Conclusion: Our study demonstrates the neuroprotective effect and mechanism of action of VSIG4 in ICH.

VSIG4通过NRF2/HO-1信号通路调节巨噬细胞氧化应激和神经炎症,减轻颅内出血损伤。
背景:氧化应激和神经炎症是颅内出血(ICH)的重要继发损伤机制。V-set和免疫球蛋白结构域- 4 (VSIG4)对氧化应激和炎症反应具有抑制作用。本研究旨在探讨VSIG4在ich相关神经病理中的可能作用。方法:采用脑缺血大鼠模型和脂多糖(LPS)刺激的RAW264.7细胞检测VSIG4水平。此外,我们还检测了氧化应激水平、促炎细胞因子产生、神经元损伤、炎症细胞激活、脑含水量和神经功能。我们在不同VSIG4水平的脑出血小鼠和巨噬细胞中进行了这些检测。此外,我们还验证了核因子红细胞2相关因子2/血红素加氧酶-1 (NRF2/HO-1)信号通路在VSIG4功能中的关键作用。
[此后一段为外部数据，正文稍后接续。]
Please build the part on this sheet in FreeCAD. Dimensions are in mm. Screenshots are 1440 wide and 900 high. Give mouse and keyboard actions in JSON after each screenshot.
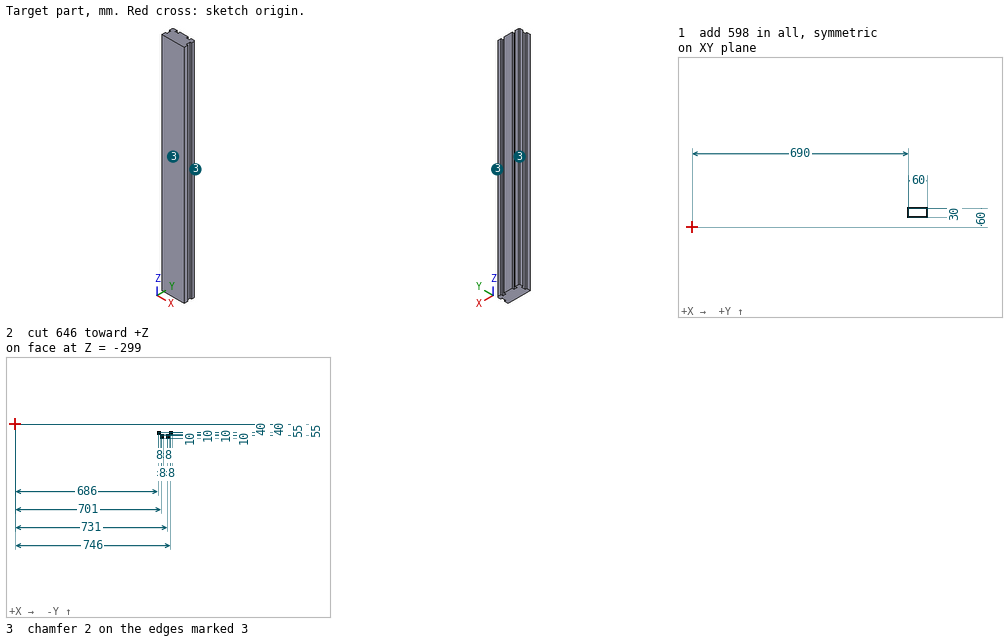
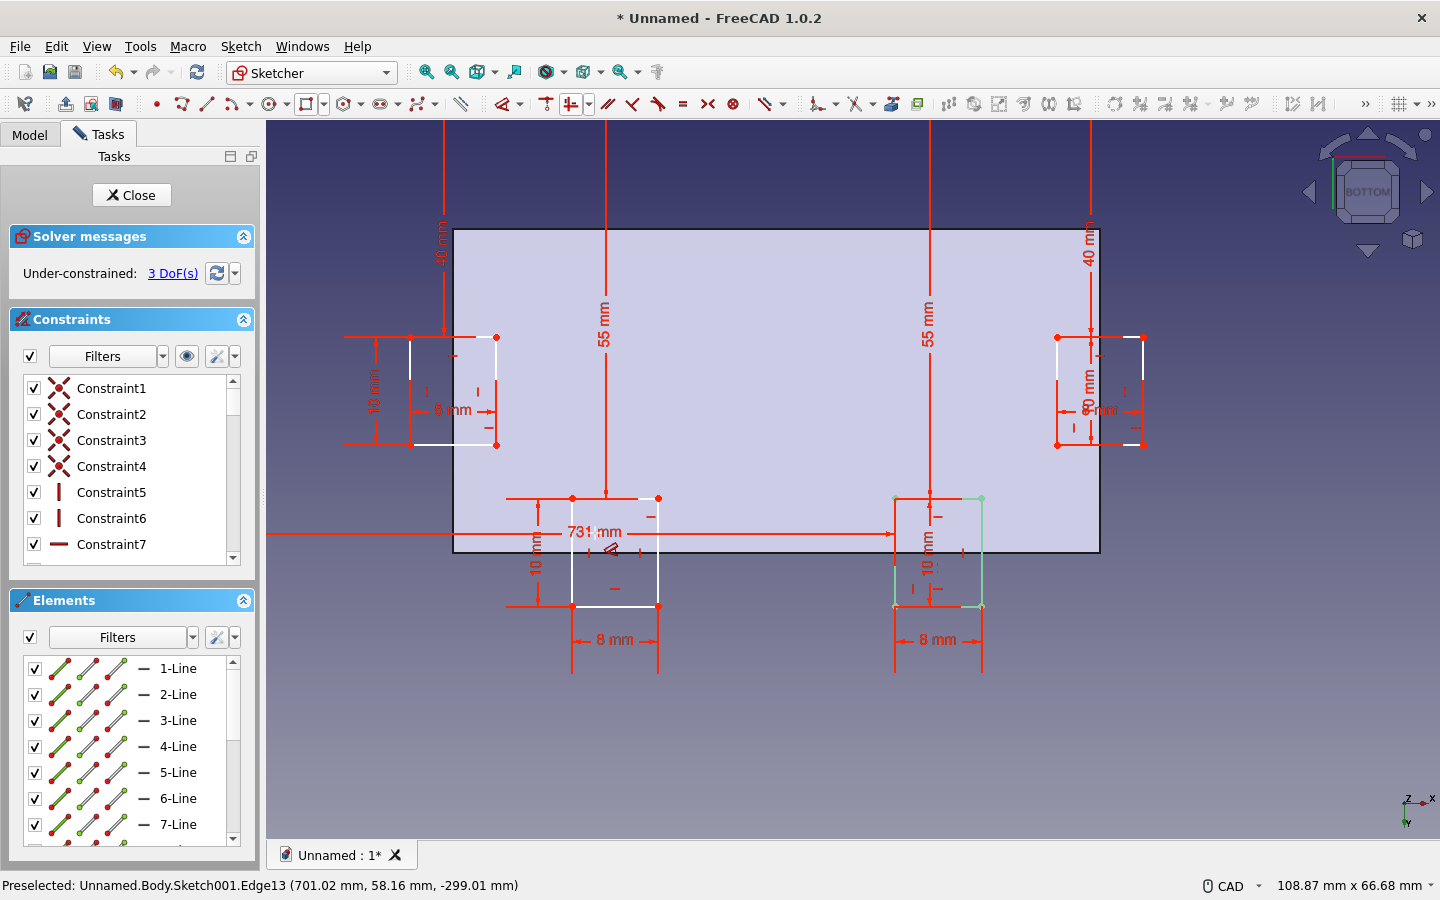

结果:VSIG4改善脑出血小鼠神经功能缺损(p < 0.01),减轻脑水肿(p < 0.05),提高血周区谷胱甘肽(p < 0.05),降低lps刺激的RAW264.7细胞超氧化物歧化酶(SOD)水平(p < 0.01)。降低丙二醛(MDA)积累(p < 0.01),减轻氧化应激,降低白细胞介素-1β (IL-1β) (p < 0.01)和肿瘤坏死因子-α (TNF-α)水平(p < 0.01),减轻炎症反应。此外,用VSIG4处理lps刺激的RAW264.7细胞对HT22细胞的损伤较小(p < 0.05)。为了进一步验证NRF2/HO-1通路在vsig4介导的神经保护中的作用,研究人员给药brusatol(一种NRF2抑制剂)。结论:本研究证实了VSIG4对脑出血大鼠的神经保护作用及其机制。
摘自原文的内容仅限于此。